Work required: Isolate every line in the data with the string "input" and copy it.
*** Exercise data ***
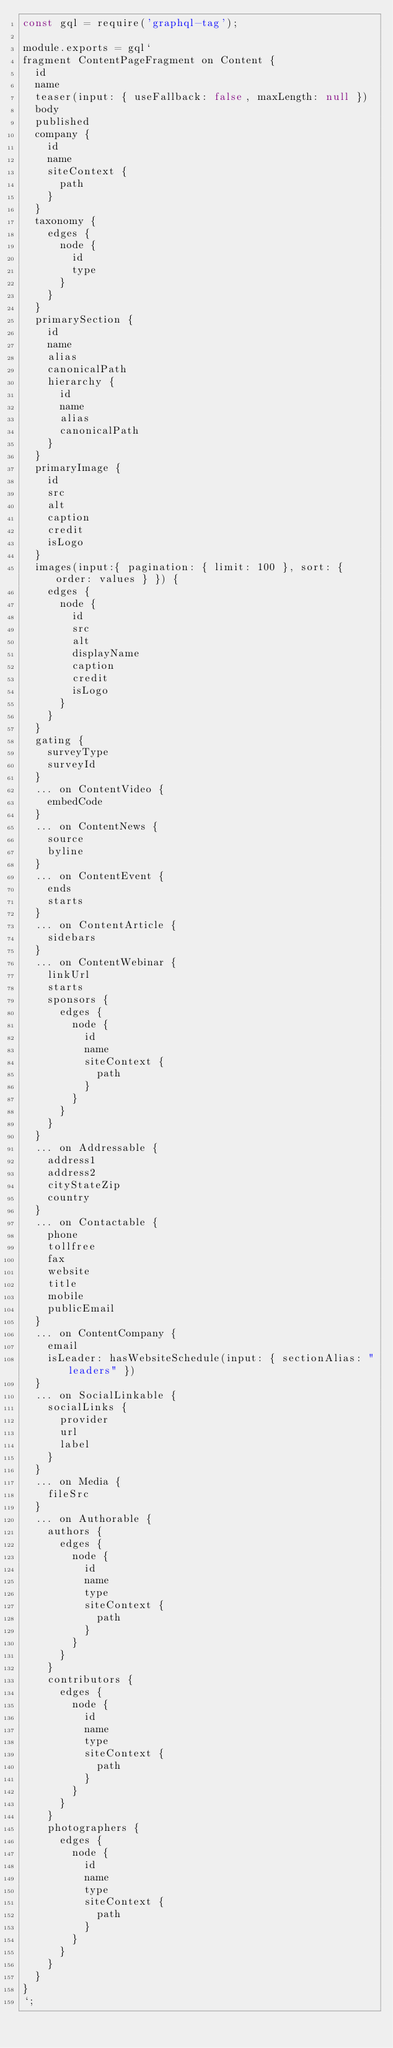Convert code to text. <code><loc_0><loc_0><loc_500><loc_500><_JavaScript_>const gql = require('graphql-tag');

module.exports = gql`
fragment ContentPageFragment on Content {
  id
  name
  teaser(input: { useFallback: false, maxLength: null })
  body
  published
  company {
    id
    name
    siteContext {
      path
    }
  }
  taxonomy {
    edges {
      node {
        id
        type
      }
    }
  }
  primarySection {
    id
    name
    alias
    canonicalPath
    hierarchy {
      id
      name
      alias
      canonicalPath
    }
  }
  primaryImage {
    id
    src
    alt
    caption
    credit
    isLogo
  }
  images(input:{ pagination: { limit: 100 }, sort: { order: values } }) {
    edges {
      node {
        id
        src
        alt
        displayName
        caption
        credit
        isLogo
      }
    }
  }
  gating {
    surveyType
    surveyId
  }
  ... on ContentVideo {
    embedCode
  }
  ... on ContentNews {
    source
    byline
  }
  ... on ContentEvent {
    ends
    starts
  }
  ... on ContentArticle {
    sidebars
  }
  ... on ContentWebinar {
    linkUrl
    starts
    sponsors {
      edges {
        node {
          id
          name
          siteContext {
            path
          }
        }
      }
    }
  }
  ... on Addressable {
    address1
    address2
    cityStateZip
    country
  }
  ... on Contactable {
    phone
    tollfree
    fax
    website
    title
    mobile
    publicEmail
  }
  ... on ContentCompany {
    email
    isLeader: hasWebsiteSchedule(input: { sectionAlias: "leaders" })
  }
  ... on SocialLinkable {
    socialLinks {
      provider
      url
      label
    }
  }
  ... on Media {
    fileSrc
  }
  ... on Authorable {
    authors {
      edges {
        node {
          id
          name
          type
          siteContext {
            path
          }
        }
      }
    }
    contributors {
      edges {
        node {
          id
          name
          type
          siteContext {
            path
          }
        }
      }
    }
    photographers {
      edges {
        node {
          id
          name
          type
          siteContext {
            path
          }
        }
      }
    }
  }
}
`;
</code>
***
*** Exercise data ***
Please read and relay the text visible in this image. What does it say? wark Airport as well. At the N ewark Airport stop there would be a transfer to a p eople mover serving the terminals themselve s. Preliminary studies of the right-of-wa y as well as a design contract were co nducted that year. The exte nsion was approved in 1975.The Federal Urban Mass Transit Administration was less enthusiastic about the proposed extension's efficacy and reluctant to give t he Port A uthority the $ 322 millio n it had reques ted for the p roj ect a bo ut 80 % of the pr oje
***
The completed task:
  teaser(input: { useFallback: false, maxLength: null })
  images(input:{ pagination: { limit: 100 }, sort: { order: values } }) {
    isLeader: hasWebsiteSchedule(input: { sectionAlias: "leaders" })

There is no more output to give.